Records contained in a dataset
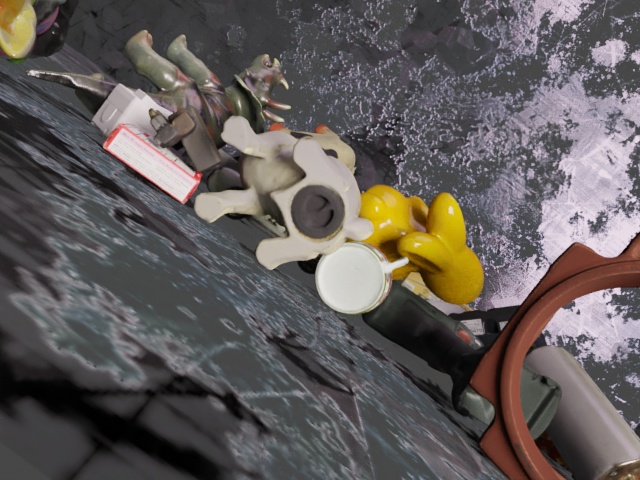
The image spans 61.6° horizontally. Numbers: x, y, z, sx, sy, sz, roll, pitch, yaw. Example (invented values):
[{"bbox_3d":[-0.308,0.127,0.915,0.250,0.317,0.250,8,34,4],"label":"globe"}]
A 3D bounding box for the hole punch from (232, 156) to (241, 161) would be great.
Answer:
[{"bbox_3d":[-0.123,-0.093,0.978,0.142,0.092,0.116,41,33,26],"label":"hole punch"}]

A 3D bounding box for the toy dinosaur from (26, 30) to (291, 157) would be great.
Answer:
[{"bbox_3d":[-0.179,-0.172,0.725,0.192,0.131,0.405,41,31,0],"label":"toy dinosaur"}]

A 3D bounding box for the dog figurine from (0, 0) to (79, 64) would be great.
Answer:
[{"bbox_3d":[-0.288,-0.210,0.479,0.108,0.191,0.219,17,41,-24],"label":"dog figurine"}]

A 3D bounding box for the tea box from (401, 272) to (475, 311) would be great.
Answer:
[{"bbox_3d":[0.209,0.137,0.945,0.170,0.098,0.068,39,4,20],"label":"tea box"}]

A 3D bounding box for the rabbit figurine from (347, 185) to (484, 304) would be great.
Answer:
[{"bbox_3d":[0.120,0.005,0.631,0.173,0.122,0.162,37,-20,14],"label":"rabbit figurine"}]

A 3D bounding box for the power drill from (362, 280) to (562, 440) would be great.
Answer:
[{"bbox_3d":[0.164,0.132,0.586,0.232,0.086,0.207,34,7,-16],"label":"power drill"}]

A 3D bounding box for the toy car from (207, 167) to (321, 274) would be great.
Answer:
[{"bbox_3d":[-0.054,-0.021,0.679,0.201,0.056,0.073,36,2,-11],"label":"toy car"}]

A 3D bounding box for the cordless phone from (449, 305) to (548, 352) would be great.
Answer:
[{"bbox_3d":[0.256,0.193,0.784,0.089,0.147,0.184,-80,156,-55],"label":"cordless phone"}]

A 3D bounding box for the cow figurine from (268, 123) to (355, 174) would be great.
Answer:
[{"bbox_3d":[-0.022,-0.106,0.743,0.127,0.085,0.195,37,28,29],"label":"cow figurine"}]

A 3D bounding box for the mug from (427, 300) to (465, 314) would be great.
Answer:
[{"bbox_3d":[0.173,0.126,0.853,0.107,0.080,0.110,20,18,-47],"label":"mug"}]

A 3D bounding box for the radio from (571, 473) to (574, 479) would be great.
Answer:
[{"bbox_3d":[0.400,0.311,0.625,0.229,0.073,0.131,33,5,-41],"label":"radio"}]

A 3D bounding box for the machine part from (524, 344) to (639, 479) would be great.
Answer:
[{"bbox_3d":[0.284,0.197,0.586,0.079,0.079,0.243,36,18,-25],"label":"machine part"}]

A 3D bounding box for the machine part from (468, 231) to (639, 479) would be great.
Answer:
[{"bbox_3d":[0.225,0.111,0.374,0.202,0.201,0.087,38,5,26],"label":"machine part"}]

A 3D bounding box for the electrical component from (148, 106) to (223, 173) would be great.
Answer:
[{"bbox_3d":[-0.134,-0.101,0.537,0.102,0.045,0.078,-123,-171,-73],"label":"electrical component"}]

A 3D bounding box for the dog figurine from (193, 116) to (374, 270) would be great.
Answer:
[{"bbox_3d":[-0.015,-0.054,0.555,0.172,0.121,0.190,38,18,6],"label":"dog figurine"}]

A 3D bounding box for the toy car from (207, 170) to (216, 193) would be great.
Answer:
[{"bbox_3d":[-0.069,-0.076,0.793,0.202,0.053,0.089,-5,23,-42],"label":"toy car"}]

WHAT IS NEEDED: Without the pictures, reproduce the entries exactly.

SOLUTION:
The image spans 61.6° horizontally. Numbers: x, y, z, sx, sy, sz, roll, pitch, yaw. Example (invented values):
[{"bbox_3d":[-0.308,0.127,0.915,0.250,0.317,0.250,8,34,4],"label":"globe"}]
A 3D bounding box for the hole punch from (232, 156) to (241, 161) would be great.
Answer:
[{"bbox_3d":[-0.123,-0.093,0.978,0.142,0.092,0.116,41,33,26],"label":"hole punch"}]

A 3D bounding box for the toy dinosaur from (26, 30) to (291, 157) would be great.
Answer:
[{"bbox_3d":[-0.179,-0.172,0.725,0.192,0.131,0.405,41,31,0],"label":"toy dinosaur"}]

A 3D bounding box for the dog figurine from (0, 0) to (79, 64) would be great.
Answer:
[{"bbox_3d":[-0.288,-0.210,0.479,0.108,0.191,0.219,17,41,-24],"label":"dog figurine"}]

A 3D bounding box for the tea box from (401, 272) to (475, 311) would be great.
Answer:
[{"bbox_3d":[0.209,0.137,0.945,0.170,0.098,0.068,39,4,20],"label":"tea box"}]

A 3D bounding box for the rabbit figurine from (347, 185) to (484, 304) would be great.
Answer:
[{"bbox_3d":[0.120,0.005,0.631,0.173,0.122,0.162,37,-20,14],"label":"rabbit figurine"}]

A 3D bounding box for the power drill from (362, 280) to (562, 440) would be great.
Answer:
[{"bbox_3d":[0.164,0.132,0.586,0.232,0.086,0.207,34,7,-16],"label":"power drill"}]

A 3D bounding box for the toy car from (207, 167) to (321, 274) would be great.
Answer:
[{"bbox_3d":[-0.054,-0.021,0.679,0.201,0.056,0.073,36,2,-11],"label":"toy car"}]

A 3D bounding box for the cordless phone from (449, 305) to (548, 352) would be great.
Answer:
[{"bbox_3d":[0.256,0.193,0.784,0.089,0.147,0.184,-80,156,-55],"label":"cordless phone"}]

A 3D bounding box for the cow figurine from (268, 123) to (355, 174) would be great.
Answer:
[{"bbox_3d":[-0.022,-0.106,0.743,0.127,0.085,0.195,37,28,29],"label":"cow figurine"}]

A 3D bounding box for the mug from (427, 300) to (465, 314) would be great.
Answer:
[{"bbox_3d":[0.173,0.126,0.853,0.107,0.080,0.110,20,18,-47],"label":"mug"}]

A 3D bounding box for the radio from (571, 473) to (574, 479) would be great.
Answer:
[{"bbox_3d":[0.400,0.311,0.625,0.229,0.073,0.131,33,5,-41],"label":"radio"}]

A 3D bounding box for the machine part from (524, 344) to (639, 479) would be great.
Answer:
[{"bbox_3d":[0.284,0.197,0.586,0.079,0.079,0.243,36,18,-25],"label":"machine part"}]

A 3D bounding box for the machine part from (468, 231) to (639, 479) would be great.
Answer:
[{"bbox_3d":[0.225,0.111,0.374,0.202,0.201,0.087,38,5,26],"label":"machine part"}]

A 3D bounding box for the electrical component from (148, 106) to (223, 173) would be great.
Answer:
[{"bbox_3d":[-0.134,-0.101,0.537,0.102,0.045,0.078,-123,-171,-73],"label":"electrical component"}]

A 3D bounding box for the dog figurine from (193, 116) to (374, 270) would be great.
Answer:
[{"bbox_3d":[-0.015,-0.054,0.555,0.172,0.121,0.190,38,18,6],"label":"dog figurine"}]

A 3D bounding box for the toy car from (207, 170) to (216, 193) would be great.
Answer:
[{"bbox_3d":[-0.069,-0.076,0.793,0.202,0.053,0.089,-5,23,-42],"label":"toy car"}]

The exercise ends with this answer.